The risk of getting herpes increased with the frequency of unprotected sex, and there was no significant difference between men and women in the effectiveness of condoms in preventing herpes transmission, they add.
Martin said using a condom not only reduces the odds of getting herpes, but of other STDs as well. "If you don't know the STD status of your partner, a condom is always a good idea," she said.
Dr. Jeffrey D. Klausner, director of STD Prevention and Control Services at the San Francisco Department of Public Health, said the study provides more evidence that condoms work.
"We know condoms can prevent the spread of sexually transmitted infections like HIV, herpes, warts, hepatitis, gonorrhea, chlamydia and syphilis, but it's always been hard to show that in research studies," Klausner said.

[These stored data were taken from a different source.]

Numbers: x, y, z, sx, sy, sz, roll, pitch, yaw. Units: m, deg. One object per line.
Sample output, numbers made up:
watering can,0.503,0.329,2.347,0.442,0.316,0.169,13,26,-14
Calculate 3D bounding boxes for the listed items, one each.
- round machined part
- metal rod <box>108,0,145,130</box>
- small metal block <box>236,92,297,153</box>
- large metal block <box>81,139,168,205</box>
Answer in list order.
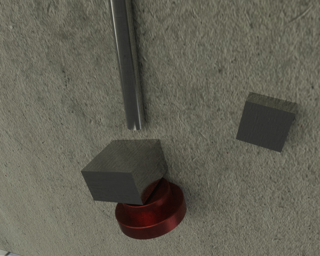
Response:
round machined part,-0.016,0.103,0.430,0.098,0.098,0.042,-2,117,28
metal rod,-0.044,-0.132,0.346,0.025,0.025,0.298,9,122,23
small metal block,0.116,-0.007,0.341,0.050,0.025,0.050,17,125,17
large metal block,-0.046,0.058,0.430,0.080,0.080,0.050,-3,117,29
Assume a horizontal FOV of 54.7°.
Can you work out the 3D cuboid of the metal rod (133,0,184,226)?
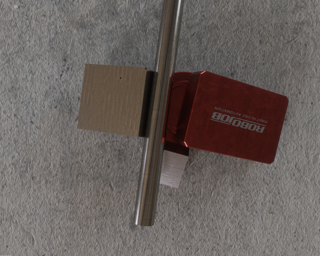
[{"bbox_3d":[0.001,-0.036,0.369,0.025,0.025,0.298,8,88,0],"label":"metal rod"}]

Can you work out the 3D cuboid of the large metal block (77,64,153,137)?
[{"bbox_3d":[-0.050,-0.033,0.387,0.080,0.050,0.080,7,90,18],"label":"large metal block"}]

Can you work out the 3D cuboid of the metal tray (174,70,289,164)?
[{"bbox_3d":[0.091,-0.011,0.387,0.131,0.030,0.089,13,91,-21],"label":"metal tray"}]

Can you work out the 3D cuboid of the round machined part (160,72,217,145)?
[{"bbox_3d":[0.031,-0.025,0.403,0.099,0.042,0.097,0,90,0],"label":"round machined part"}]

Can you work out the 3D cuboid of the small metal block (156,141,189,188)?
[{"bbox_3d":[0.007,0.045,0.401,0.050,0.025,0.050,16,116,0],"label":"small metal block"}]
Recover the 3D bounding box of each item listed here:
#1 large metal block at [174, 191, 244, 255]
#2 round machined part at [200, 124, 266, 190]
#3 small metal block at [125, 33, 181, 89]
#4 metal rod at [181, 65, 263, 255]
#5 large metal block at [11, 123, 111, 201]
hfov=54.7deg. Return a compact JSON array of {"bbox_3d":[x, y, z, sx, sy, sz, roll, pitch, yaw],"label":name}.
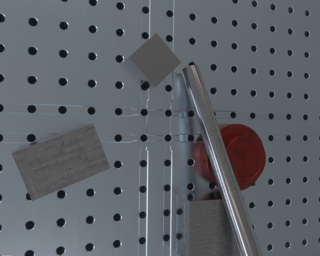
[{"bbox_3d":[0.066,0.132,0.424,0.081,0.050,0.079,1,90,-20],"label":"large metal block"},{"bbox_3d":[0.111,0.043,0.445,0.099,0.042,0.097,0,90,-20],"label":"round machined part"},{"bbox_3d":[-0.009,-0.087,0.409,0.050,0.025,0.050,-46,104,-14],"label":"small metal block"},{"bbox_3d":[0.083,0.059,0.400,0.025,0.025,0.299,-13,78,-20],"label":"metal rod"},{"bbox_3d":[-0.109,0.032,0.343,0.081,0.080,0.050,-22,98,-19],"label":"large metal block"}]
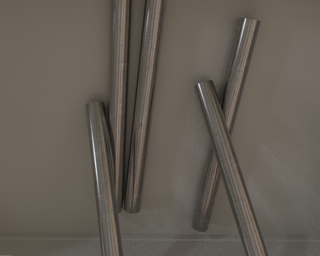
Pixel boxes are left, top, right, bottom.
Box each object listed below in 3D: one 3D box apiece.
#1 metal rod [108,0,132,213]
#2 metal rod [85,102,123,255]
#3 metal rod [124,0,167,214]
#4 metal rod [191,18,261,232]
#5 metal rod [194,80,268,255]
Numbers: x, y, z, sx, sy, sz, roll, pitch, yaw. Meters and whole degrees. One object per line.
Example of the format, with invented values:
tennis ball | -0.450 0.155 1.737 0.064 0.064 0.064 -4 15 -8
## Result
metal rod | -0.055 -0.021 0.402 0.025 0.025 0.298 4 110 -2
metal rod | -0.063 0.115 0.377 0.025 0.025 0.298 -9 81 3
metal rod | -0.022 -0.021 0.403 0.025 0.025 0.298 7 110 -3
metal rod | 0.083 0.010 0.415 0.025 0.025 0.298 8 110 -3
metal rod | 0.097 0.086 0.378 0.025 0.025 0.299 -17 84 6
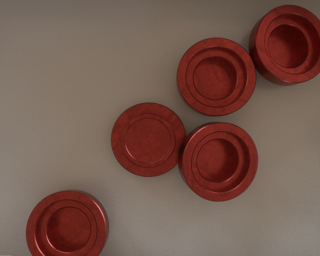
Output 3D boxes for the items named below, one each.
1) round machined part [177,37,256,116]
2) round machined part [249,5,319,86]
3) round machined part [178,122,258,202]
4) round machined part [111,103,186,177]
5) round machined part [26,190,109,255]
[{"bbox_3d":[0.070,-0.063,0.403,0.099,0.042,0.097,0,90,0],"label":"round machined part"},{"bbox_3d":[0.160,-0.102,0.398,0.099,0.042,0.097,1,87,-10],"label":"round machined part"},{"bbox_3d":[0.071,0.040,0.397,0.099,0.042,0.097,-1,93,-12],"label":"round machined part"},{"bbox_3d":[-0.015,0.015,0.403,0.099,0.042,0.097,0,90,0],"label":"round machined part"},{"bbox_3d":[-0.114,0.128,0.398,0.099,0.042,0.097,0,82,1],"label":"round machined part"}]
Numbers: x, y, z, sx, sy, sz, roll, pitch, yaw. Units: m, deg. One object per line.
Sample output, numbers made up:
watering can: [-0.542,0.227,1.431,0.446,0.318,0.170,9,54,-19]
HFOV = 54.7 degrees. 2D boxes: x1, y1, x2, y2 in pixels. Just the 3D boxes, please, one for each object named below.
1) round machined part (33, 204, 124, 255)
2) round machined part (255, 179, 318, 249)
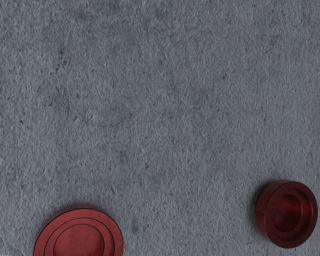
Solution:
round machined part: [-0.096,0.138,0.365,0.099,0.042,0.097,0,90,-20]
round machined part: [0.184,0.126,0.468,0.099,0.042,0.097,0,90,-20]
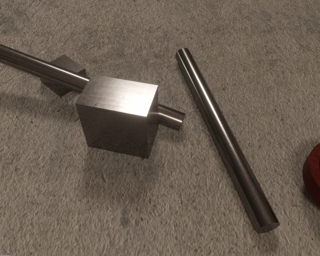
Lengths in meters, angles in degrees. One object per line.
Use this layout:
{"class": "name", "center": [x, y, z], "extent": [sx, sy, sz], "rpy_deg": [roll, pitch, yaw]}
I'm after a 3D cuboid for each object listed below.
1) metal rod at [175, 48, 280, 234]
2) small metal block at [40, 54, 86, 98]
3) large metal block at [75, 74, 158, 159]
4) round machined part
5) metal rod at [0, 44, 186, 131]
{"class": "metal rod", "center": [0.074, -0.009, 0.411], "extent": [0.025, 0.025, 0.300], "rpy_deg": [-11, 51, -9]}
{"class": "small metal block", "center": [-0.147, -0.080, 0.468], "extent": [0.050, 0.025, 0.050], "rpy_deg": [35, 58, 25]}
{"class": "large metal block", "center": [-0.047, -0.013, 0.377], "extent": [0.080, 0.080, 0.050], "rpy_deg": [11, 51, 8]}
{"class": "round machined part", "center": [0.208, 0.062, 0.343], "extent": [0.099, 0.042, 0.098], "rpy_deg": [0, 50, 0]}
{"class": "metal rod", "center": [-0.110, -0.061, 0.426], "extent": [0.301, 0.025, 0.025], "rpy_deg": [21, 53, 6]}

"If condoms can hold air and water, I never understood why folks thought they would not prevent the spread of germs, which are much, much larger than air or water molecules," he said.
Klausner said that the study provides scientific evidence that condoms work and should help in efforts to get condoms into the hands of sexually active teenagers and adults.
The U.S. Centers for Disease Control and Prevention has more on herpes.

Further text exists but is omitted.